Image by ampersandyslexia

Oh dear, where do I begin?

Shame #1: Commonwealth authorities what the helen of troy were you thinking? India? C’mon! Poverty, disease, corruption, dare I go on?

Shame #2: A wise man once said you must build your house on rock, when you build your house on sand, the wind, the rain, the pollution will make it crumble. And so it has been with Indian structures. Hang your heads in shame, builders.

Shame #3: Making good Aussies wait in 40 degree heat in a tunnel, sweat pouring from all glands, for the opening ceremony. No fresh air = cranky kangaroos.

Shame #4: Food glorious food! How unfair is it for our swimmers to underperform

image by Serenity

due to poor food hygiene, resulting in ‘the runs’. Gross. Imagine if they lost control whilst swimming! One swimmer may actually miss the whole thing, his first Games too! Perhaps he’s afraid of a telecast ‘whoopsie’ during the race, I know I would be!
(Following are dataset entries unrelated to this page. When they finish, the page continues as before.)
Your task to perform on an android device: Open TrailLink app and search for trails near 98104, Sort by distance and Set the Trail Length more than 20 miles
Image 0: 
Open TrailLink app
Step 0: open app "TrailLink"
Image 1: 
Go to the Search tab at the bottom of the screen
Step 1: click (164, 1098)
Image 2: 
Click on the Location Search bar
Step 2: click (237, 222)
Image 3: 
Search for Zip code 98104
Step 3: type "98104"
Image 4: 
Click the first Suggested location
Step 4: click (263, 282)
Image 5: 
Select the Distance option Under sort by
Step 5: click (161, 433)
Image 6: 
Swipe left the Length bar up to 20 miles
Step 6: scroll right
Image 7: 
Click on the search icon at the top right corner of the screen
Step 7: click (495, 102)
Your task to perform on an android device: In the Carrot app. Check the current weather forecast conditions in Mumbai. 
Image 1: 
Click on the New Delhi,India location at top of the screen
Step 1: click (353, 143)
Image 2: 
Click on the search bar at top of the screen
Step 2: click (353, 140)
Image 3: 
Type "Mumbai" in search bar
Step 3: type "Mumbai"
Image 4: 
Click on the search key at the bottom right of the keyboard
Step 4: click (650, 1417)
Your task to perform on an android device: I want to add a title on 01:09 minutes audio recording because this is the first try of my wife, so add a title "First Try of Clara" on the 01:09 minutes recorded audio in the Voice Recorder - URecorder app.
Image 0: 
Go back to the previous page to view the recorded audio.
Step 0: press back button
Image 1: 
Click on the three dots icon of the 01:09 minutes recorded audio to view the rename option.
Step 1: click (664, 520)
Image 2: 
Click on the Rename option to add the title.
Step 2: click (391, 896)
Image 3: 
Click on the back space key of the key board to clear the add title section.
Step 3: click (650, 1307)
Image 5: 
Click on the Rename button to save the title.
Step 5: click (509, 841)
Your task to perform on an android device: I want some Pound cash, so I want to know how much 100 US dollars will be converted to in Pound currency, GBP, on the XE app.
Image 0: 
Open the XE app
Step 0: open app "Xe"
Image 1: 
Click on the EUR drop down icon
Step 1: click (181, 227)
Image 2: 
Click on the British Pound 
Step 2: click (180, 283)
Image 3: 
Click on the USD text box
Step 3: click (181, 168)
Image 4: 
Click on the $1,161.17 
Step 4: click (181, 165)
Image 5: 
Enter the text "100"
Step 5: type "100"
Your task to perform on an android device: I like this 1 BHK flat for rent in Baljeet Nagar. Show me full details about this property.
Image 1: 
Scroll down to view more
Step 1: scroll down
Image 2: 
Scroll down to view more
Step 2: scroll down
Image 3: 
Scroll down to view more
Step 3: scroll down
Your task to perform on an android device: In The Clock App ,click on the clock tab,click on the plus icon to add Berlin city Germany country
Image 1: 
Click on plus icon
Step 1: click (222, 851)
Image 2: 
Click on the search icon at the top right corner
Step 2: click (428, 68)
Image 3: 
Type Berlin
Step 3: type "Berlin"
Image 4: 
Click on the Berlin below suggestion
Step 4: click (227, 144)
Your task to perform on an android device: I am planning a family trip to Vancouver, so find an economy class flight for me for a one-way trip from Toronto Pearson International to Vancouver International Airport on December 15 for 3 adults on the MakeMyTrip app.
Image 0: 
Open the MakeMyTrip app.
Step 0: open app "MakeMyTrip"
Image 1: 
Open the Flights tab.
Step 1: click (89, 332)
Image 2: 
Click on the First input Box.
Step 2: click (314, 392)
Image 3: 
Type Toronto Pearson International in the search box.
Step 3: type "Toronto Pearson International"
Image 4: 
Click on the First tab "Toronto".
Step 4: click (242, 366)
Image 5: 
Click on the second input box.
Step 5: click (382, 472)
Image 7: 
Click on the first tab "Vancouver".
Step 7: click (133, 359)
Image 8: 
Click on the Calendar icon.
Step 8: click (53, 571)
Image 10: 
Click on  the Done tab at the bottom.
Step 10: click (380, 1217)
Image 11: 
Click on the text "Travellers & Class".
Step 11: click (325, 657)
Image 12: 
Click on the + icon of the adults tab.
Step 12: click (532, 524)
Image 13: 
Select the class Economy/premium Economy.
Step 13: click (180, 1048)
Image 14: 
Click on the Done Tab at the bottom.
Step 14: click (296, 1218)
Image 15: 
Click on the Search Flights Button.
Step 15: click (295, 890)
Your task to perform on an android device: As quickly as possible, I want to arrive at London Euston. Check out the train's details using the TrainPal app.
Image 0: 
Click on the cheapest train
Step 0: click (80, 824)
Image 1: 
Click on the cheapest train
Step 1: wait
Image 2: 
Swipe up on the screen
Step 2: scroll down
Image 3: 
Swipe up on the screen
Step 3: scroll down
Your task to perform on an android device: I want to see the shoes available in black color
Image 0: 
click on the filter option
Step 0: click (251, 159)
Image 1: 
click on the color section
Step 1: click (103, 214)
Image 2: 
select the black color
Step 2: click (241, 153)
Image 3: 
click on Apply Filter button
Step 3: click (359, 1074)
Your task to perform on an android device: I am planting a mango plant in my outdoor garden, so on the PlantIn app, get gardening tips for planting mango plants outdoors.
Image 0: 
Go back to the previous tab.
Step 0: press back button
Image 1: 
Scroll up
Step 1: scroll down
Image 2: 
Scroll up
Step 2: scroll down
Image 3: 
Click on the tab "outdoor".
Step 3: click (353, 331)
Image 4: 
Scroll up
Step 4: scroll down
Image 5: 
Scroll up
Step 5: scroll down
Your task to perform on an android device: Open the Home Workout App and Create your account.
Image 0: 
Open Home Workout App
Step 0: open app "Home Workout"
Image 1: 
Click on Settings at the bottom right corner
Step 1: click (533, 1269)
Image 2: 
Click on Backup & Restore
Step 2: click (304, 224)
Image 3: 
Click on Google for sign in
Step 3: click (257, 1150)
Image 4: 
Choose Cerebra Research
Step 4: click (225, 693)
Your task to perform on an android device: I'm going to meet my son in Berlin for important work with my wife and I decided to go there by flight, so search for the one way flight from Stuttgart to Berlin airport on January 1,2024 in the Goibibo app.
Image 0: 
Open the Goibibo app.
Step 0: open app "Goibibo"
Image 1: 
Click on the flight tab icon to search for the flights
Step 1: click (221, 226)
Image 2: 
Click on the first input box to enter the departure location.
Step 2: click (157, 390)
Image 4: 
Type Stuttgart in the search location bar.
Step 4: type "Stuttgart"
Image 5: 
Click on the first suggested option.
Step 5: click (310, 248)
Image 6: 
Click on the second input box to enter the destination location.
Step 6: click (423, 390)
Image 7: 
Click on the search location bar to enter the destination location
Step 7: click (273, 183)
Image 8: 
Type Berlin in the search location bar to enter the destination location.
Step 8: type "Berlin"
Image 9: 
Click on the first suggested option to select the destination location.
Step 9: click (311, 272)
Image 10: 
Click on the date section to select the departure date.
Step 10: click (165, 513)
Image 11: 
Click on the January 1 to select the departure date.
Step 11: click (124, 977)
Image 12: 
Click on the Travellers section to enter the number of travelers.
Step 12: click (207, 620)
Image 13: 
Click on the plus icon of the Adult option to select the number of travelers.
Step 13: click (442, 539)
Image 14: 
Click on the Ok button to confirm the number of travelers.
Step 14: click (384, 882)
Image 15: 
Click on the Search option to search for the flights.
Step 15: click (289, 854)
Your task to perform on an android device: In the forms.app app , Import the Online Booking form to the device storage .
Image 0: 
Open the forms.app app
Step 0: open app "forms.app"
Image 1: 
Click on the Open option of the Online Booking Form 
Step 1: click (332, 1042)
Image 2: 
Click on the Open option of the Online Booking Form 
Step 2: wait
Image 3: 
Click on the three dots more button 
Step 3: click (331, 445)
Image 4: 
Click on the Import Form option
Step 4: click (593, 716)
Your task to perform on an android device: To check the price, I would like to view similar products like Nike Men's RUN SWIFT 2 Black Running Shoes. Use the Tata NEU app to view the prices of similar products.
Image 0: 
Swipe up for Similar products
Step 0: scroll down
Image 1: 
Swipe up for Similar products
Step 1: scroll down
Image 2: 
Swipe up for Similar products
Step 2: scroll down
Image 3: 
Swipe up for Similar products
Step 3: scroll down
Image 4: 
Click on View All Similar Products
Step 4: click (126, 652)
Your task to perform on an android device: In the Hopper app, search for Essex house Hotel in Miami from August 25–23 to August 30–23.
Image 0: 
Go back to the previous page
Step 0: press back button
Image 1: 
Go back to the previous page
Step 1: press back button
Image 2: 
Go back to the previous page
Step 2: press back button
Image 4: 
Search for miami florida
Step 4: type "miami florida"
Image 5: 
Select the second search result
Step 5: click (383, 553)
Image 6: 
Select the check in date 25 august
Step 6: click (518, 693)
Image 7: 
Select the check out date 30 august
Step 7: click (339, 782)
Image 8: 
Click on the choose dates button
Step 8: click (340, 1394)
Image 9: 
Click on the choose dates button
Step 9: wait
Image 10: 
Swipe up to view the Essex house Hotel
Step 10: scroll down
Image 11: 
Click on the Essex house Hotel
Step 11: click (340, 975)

Honestly, how hard is it to offer athletes quality food? Refrigerate people! Wash-a-tha-hands!

Shame #5: The Boxers and The Inaccurate Scales – oh the shame, India, the shame. At first it was the Australian boxers who donned the red faces when all of them weighed in over the limit. Too many Big Macs you greedy little Aussies. The poor men had to hit the track and the saunas to drop below the weight limit.Then to the shame of India (once again) it was announced that the scales were dodgy and, in fact. our heavyweights were right on the money. Shame India Shame!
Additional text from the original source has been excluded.